Centrala begrepp
This paper presents two families of codes that can efficiently correct synthesis defects that occur during the parallel synthesis of DNA strands for data storage applications.
Sammanfattning
The paper investigates errors that occur when synthesizing DNA strands in parallel, where each strand is appended one nucleotide at a time by a machine according to a template supersequence.

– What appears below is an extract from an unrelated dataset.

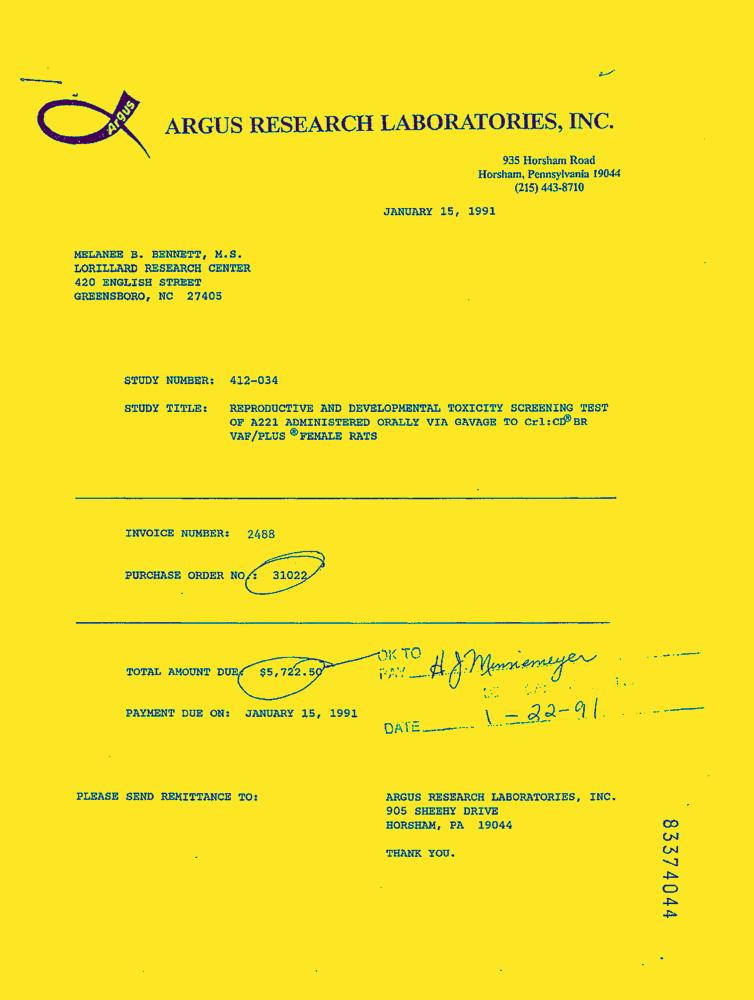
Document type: Invoice-Doc

If there is a cycle where the machine fails, then the strands meant to be appended at this cycle will not be appended, and this is referred to as a synthesis defect.

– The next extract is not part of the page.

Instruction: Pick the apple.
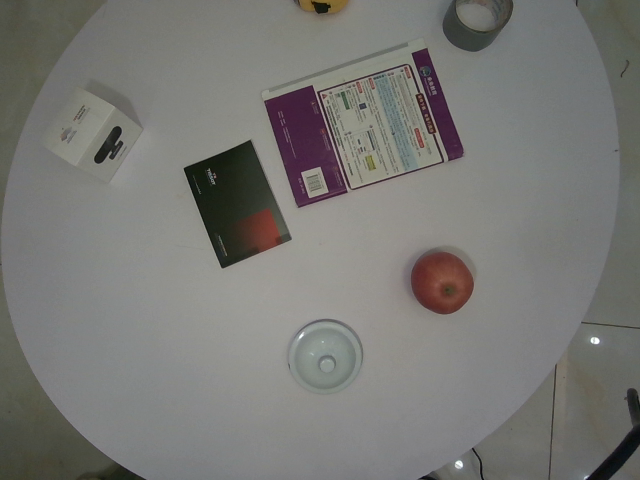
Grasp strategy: vertical

The authors present two families of codes to correct these synthesis defects:
t-known-synthesis-defect correcting codes (t-KDCCs):
Assume the defective cycles are known.
Provide constructions for t = 1, 2 with redundancy log 4 and log n + 18 log 3, respectively.
Show that knowing the locations of the defects helps narrow down the locations of the resulting deletions.

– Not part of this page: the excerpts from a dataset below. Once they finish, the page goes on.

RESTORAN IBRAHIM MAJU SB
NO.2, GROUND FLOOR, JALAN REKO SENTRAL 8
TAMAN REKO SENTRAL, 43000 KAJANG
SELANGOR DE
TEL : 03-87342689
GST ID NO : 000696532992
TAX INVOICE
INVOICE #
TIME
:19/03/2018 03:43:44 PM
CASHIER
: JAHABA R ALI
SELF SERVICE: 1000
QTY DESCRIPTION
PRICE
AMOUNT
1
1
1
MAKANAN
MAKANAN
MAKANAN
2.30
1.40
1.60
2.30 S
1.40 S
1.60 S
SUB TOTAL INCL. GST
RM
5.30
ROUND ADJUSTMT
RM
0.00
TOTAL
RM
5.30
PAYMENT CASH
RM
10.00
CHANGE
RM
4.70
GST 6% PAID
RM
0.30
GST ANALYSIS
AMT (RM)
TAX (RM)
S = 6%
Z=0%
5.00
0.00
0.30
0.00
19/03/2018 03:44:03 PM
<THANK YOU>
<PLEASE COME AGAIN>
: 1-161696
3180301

t-synthesis-defect correcting codes (t-SDCCs):
Assume the defective cycles are unknown.
Provide constructions for t = 1, 2 that use a two-part coding scheme.
The first part localizes the defects to a window of length O(log n) using a set of "defect-locating" strands.
The second part employs a more efficient coding scheme to correct the remaining strands.
Achieve redundancy of λ1(log n)^2 + M log log n for t = 1 and λ2(log n)^2 + 2M log n for t = 2, where M is the number of strands and λ1, λ2 are constants.
The paper also derives a lower bound on the redundancy for single-known-synthesis-defect correcting codes, showing that the constructions are almost optimal.